Theriot won the World Series with the San Francisco Giants in 2012. In game 4 of the Series, Theriot was used as a designated hitter for the first time in his major league career. In the 10th inning, he hit a leadoff single and eventually scored the go-ahead and winning run (coincidentally being driven in by Scutaro, who had taken his spot in the lineup 2 months before), which gave the Giants the clinching victory in a four-game sweep of the Detroit Tigers. As it turned out, Theriot scored the game- and series-clinching run in his final on-field action in MLB. Theriot became the sixth player in Major League history to win consecutive World Series championships on different teams.

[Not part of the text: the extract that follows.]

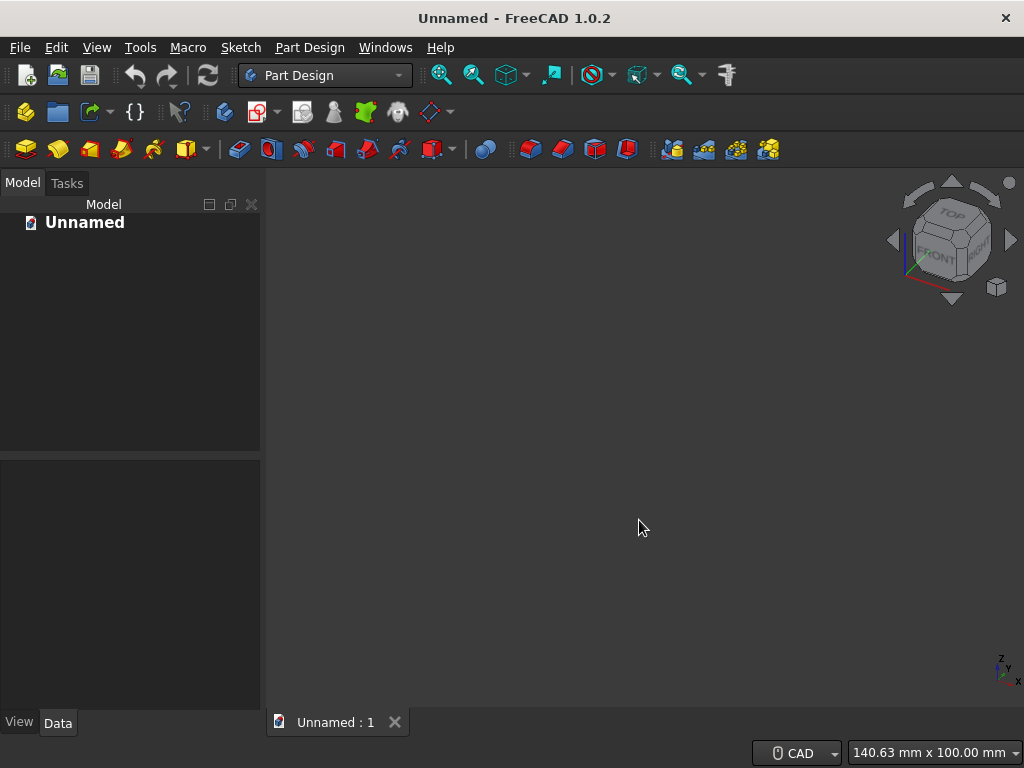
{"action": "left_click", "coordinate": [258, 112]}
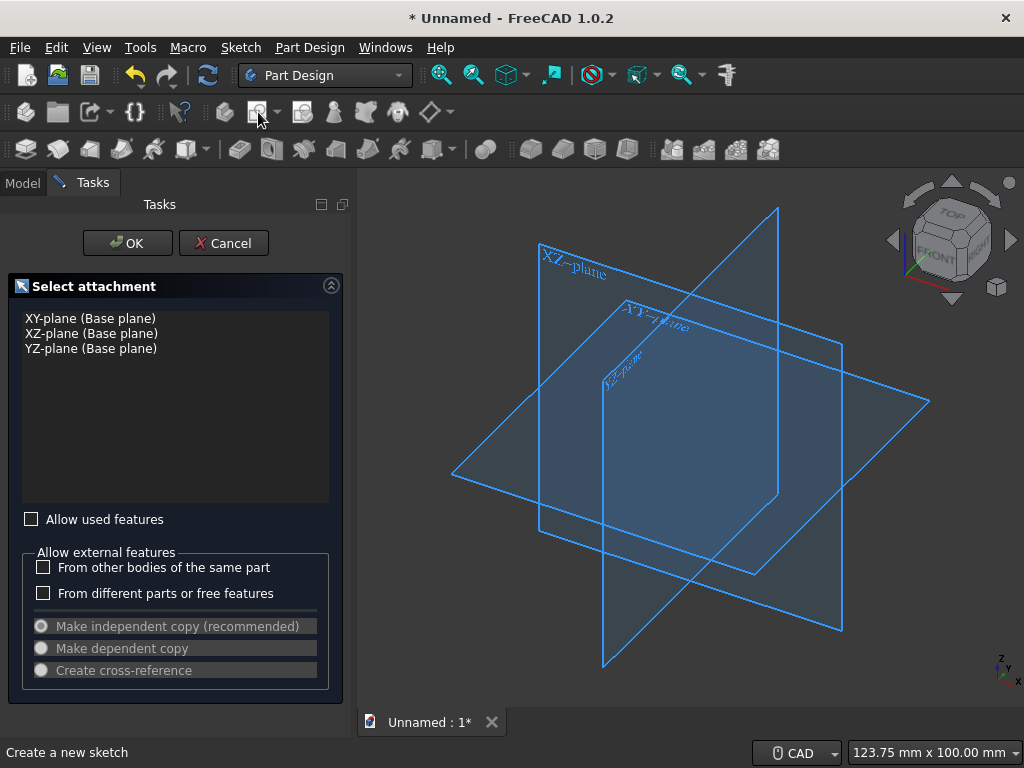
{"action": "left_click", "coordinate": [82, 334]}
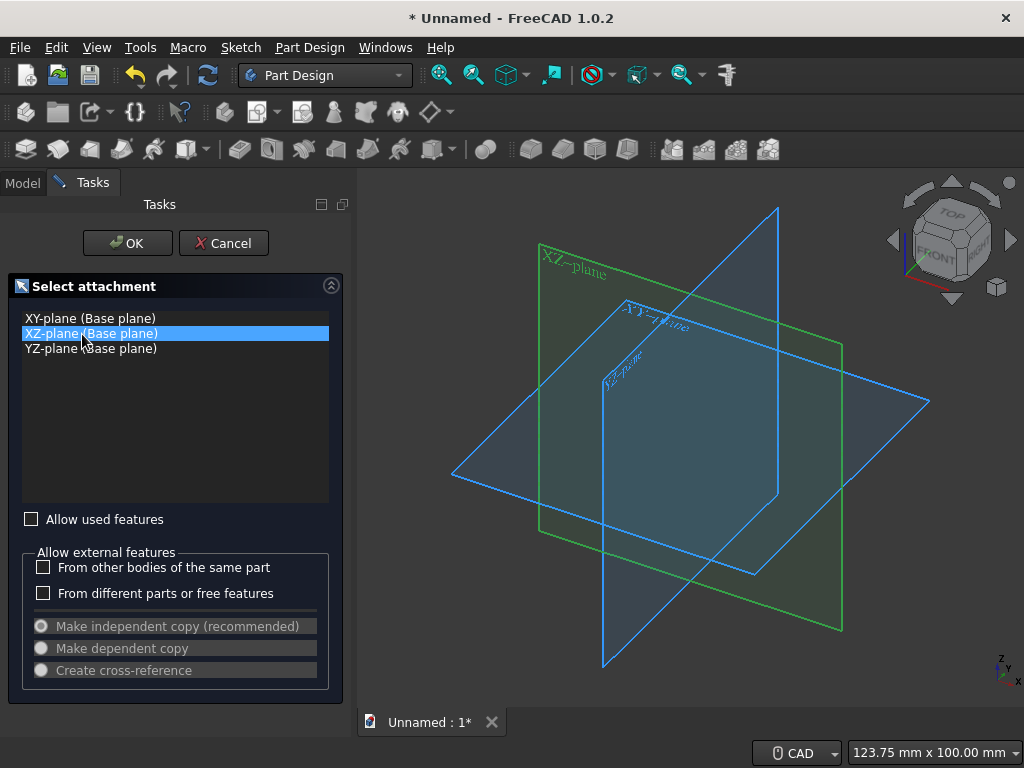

After sitting out the entire 2013 season, Theriot announced his retirement on January 6, 2014.

===Career statistics===
In 899 games over eight seasons, Theriot posted a .281 batting average (911-for-3246) with 446 runs, 17 home runs, 257 RBIs, 121 stolen bases, and 285 bases on balls. He finished his career with a .976 fielding percentage playing primarily at shortstop and second base. Theriot ranked first in the NL for most singles in 2008, 2009, and 2010.

==TOOTBLAN==
A new baseball statistic was developed in 2008 called TOOTBLAN - an acronym that stands for Thrown Out on the Bases Like a Nincompoop - in order to account for Theriot's poor baserunning skills. It has since grown in usage, and has become an officially tracked statistic.

==Personal life==
Theriot and his wife, Johnnah Haik, live in Baton Rouge, Louisiana with their three children.

Theriot was referred to by Cubs (and later Giants) fans and broadcasters as "The Riot" as a play on the spelling of his last name.

On November 12, 2010, Theriot hosted the Ryan Theriot Golf Classic which benefits the National Wildlife Federation, the Autism Society, and the Fore Kids Foundation.